Maybe his earlier work on lists is better suited to translate to my
problem: folding combinators for array processing.

I'm facing a gap between my understanding of theory, and a particular
practical problem. I should just try to solve one such problem with
higher order combinators to get a better view about concrete problems,
to get out of the muck of abstract confusion..

The problem is really one of datastructures and their iterators. In
FP, there are only nested arrays and some map and shift operators.

So.. Deforestation is about eliminating intermediate nested data
structures in a first order language with recursive pattern matching
for tree deconstruction.

Wadler defines the property 'treeless', which is used to construct
transformation rules to transform a composition of treeless functions
into a treeless function.

Definition: a term is treeless with respect to a set F of function
names if:

  * it is linear (each variable is used only once. this is to make
    sure transformations don't introduce redundant computations, and
    can be relaxed for integers)

  * it only contains functions in F (these are the 'exceptions' that
    will be expanded)

  * every argument of a function application and every selector in a
    case term is a variable. (obviously, otherwise there would be an
    intermediate tree result)

The algorithm that performs deforestation maps a linear term which
contains variables and functions with treeless definitions to a
treeless term and a possibly empty set of treeless definitions.

The core of the algorithm is the standard function 'inlining': replace
each function application with an inlined definition.

If i start to think from that point, shouldn't i get to something
simple? After all, i have no variable names to worry about, and no
destructuring or creation of run-time data structures.
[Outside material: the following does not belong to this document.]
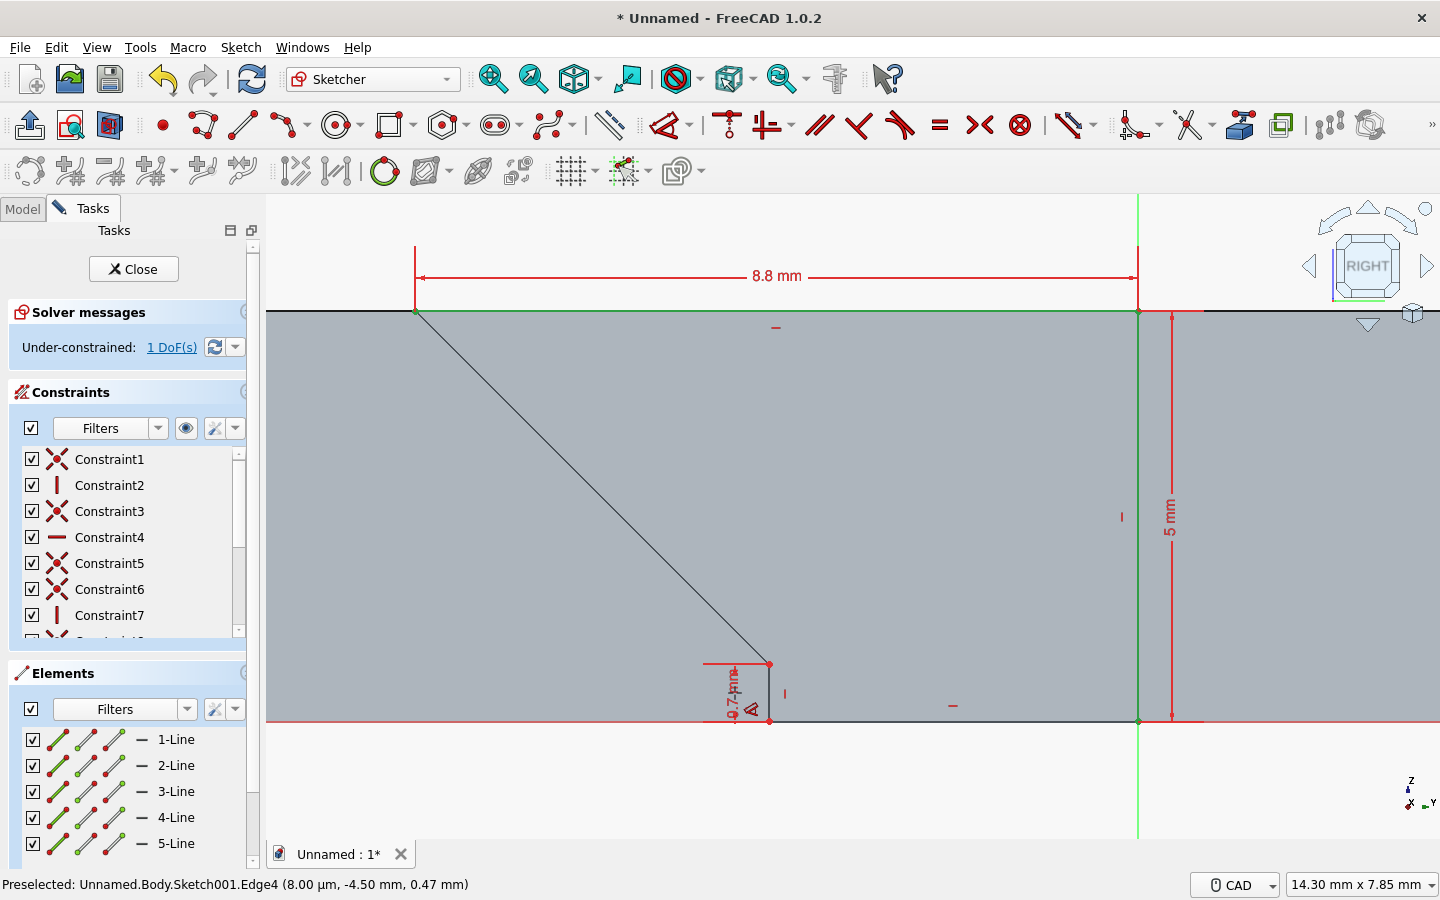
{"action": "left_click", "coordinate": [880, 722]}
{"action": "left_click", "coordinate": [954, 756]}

That is all
quite different.

So, question: what is the equivalent of deforestation in a
concatenative language with a simply managed array data structure and
a 'map' operator?

Let's write down some things that need to 'actually happen'

  * loop transformation to eliminate intermediate buffers
  * array memory management and reuse (linearity?)
  * dereferencing indirect addressing (on PIC18)

Dereferencing indirect addressing is a particular problem i ran into
writing highly specialized DSP code for microcontroller. It's a fairly
extreme level of templating which makes sense due to very limited
indirect addressing and multiplication on PIC18.

There is a difference beteween translating 'map f l' to (cons (f l1)
...) and making sure the same operation happens in place, or with a
fast reuse array.

There's something in Wadler's paper about
instantiate/unfold/simplify/fold, found in Burstall and Darlington: "A
transformation system for developing recursive programs."